§ **Brief**
Nothing should change. Output the data exactly.
Source material START
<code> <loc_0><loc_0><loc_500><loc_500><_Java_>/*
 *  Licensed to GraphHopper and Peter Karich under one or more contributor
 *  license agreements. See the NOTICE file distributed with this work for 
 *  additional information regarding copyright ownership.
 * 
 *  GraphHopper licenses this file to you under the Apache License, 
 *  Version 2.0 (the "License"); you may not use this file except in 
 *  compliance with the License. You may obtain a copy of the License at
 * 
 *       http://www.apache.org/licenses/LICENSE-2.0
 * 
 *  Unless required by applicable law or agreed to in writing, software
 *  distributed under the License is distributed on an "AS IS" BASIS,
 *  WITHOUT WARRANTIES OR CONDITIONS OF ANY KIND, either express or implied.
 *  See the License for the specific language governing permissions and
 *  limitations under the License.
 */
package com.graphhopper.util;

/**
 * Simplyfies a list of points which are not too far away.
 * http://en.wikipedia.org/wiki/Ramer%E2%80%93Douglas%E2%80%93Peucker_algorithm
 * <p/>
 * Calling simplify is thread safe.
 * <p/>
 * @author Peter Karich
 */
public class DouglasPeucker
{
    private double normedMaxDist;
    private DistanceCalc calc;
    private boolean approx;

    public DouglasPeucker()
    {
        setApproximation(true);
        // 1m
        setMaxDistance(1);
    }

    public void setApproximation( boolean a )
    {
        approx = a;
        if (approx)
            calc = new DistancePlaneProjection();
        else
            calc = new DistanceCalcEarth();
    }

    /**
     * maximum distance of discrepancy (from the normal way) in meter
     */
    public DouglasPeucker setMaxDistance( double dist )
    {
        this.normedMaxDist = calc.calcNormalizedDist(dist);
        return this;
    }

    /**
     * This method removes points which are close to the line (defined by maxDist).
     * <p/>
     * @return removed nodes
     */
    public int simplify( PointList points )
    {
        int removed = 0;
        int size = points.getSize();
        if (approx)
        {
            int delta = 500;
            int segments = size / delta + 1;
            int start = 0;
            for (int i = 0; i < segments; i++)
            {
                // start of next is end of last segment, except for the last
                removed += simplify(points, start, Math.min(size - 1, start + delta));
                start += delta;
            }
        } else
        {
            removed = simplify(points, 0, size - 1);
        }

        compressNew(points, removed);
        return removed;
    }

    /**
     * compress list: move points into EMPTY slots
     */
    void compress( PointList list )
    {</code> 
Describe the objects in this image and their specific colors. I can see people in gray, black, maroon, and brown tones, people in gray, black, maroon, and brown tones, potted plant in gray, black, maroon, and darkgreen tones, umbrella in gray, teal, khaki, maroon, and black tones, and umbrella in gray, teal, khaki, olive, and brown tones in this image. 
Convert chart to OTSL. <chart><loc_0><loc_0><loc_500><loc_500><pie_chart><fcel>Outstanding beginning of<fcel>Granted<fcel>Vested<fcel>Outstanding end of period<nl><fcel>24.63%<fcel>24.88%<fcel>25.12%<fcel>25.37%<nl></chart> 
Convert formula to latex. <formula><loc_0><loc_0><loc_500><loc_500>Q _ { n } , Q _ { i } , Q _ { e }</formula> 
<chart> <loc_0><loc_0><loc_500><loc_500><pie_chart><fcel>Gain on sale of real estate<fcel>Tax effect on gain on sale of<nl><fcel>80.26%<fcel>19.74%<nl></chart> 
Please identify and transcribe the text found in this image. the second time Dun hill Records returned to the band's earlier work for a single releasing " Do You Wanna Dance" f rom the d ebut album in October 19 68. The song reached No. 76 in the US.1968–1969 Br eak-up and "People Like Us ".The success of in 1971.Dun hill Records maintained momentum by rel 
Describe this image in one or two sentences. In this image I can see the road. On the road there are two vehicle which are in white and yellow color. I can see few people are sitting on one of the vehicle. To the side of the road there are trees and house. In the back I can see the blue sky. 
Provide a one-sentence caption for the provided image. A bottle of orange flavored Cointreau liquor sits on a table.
Source material END
§ **Task solution**
<code> <loc_0><loc_0><loc_500><loc_500><_Java_>/*
 *  Licensed to GraphHopper and Peter Karich under one or more contributor
 *  license agreements. See the NOTICE file distributed with this work for 
 *  additional information regarding copyright ownership.
 * 
 *  GraphHopper licenses this file to you under the Apache License, 
 *  Version 2.0 (the "License"); you may not use this file except in 
 *  compliance with the License. You may obtain a copy of the License at
 * 
 *       http://www.apache.org/licenses/LICENSE-2.0
 * 
 *  Unless required by applicable law or agreed to in writing, software
 *  distributed under the License is distributed on an "AS IS" BASIS,
 *  WITHOUT WARRANTIES OR CONDITIONS OF ANY KIND, either express or implied.
 *  See the License for the specific language governing permissions and
 *  limitations under the License.
 */
package com.graphhopper.util;

/**
 * Simplyfies a list of points which are not too far away.
 * http://en.wikipedia.org/wiki/Ramer%E2%80%93Douglas%E2%80%93Peucker_algorithm
 * <p/>
 * Calling simplify is thread safe.
 * <p/>
 * @author Peter Karich
 */
public class DouglasPeucker
{
    private double normedMaxDist;
    private DistanceCalc calc;
    private boolean approx;

    public DouglasPeucker()
    {
        setApproximation(true);
        // 1m
        setMaxDistance(1);
    }

    public void setApproximation( boolean a )
    {
        approx = a;
        if (approx)
            calc = new DistancePlaneProjection();
        else
            calc = new DistanceCalcEarth();
    }

    /**
     * maximum distance of discrepancy (from the normal way) in meter
     */
    public DouglasPeucker setMaxDistance( double dist )
    {
        this.normedMaxDist = calc.calcNormalizedDist(dist);
        return this;
    }

    /**
     * This method removes points which are close to the line (defined by maxDist).
     * <p/>
     * @return removed nodes
     */
    public int simplify( PointList points )
    {
        int removed = 0;
        int size = points.getSize();
        if (approx)
        {
            int delta = 500;
            int segments = size / delta + 1;
            int start = 0;
            for (int i = 0; i < segments; i++)
            {
                // start of next is end of last segment, except for the last
                removed += simplify(points, start, Math.min(size - 1, start + delta));
                start += delta;
            }
        } else
        {
            removed = simplify(points, 0, size - 1);
        }

        compressNew(points, removed);
        return removed;
    }

    /**
     * compress list: move points into EMPTY slots
     */
    void compress( PointList list )
    {</code> 
Describe the objects in this image and their specific colors. I can see people in gray, black, maroon, and brown tones, people in gray, black, maroon, and brown tones, potted plant in gray, black, maroon, and darkgreen tones, umbrella in gray, teal, khaki, maroon, and black tones, and umbrella in gray, teal, khaki, olive, and brown tones in this image. 
Convert chart to OTSL. <chart><loc_0><loc_0><loc_500><loc_500><pie_chart><fcel>Outstanding beginning of<fcel>Granted<fcel>Vested<fcel>Outstanding end of period<nl><fcel>24.63%<fcel>24.88%<fcel>25.12%<fcel>25.37%<nl></chart> 
Convert formula to latex. <formula><loc_0><loc_0><loc_500><loc_500>Q _ { n } , Q _ { i } , Q _ { e }</formula> 
<chart> <loc_0><loc_0><loc_500><loc_500><pie_chart><fcel>Gain on sale of real estate<fcel>Tax effect on gain on sale of<nl><fcel>80.26%<fcel>19.74%<nl></chart> 
Please identify and transcribe the text found in this image. the second time Dun hill Records returned to the band's earlier work for a single releasing " Do You Wanna Dance" f rom the d ebut album in October 19 68. The song reached No. 76 in the US.1968–1969 Br eak-up and "People Like Us ".The success of in 1971.Dun hill Records maintained momentum by rel 
Describe this image in one or two sentences. In this image I can see the road. On the road there are two vehicle which are in white and yellow color. I can see few people are sitting on one of the vehicle. To the side of the road there are trees and house. In the back I can see the blue sky. 
Provide a one-sentence caption for the provided image. A bottle of orange flavored Cointreau liquor sits on a table.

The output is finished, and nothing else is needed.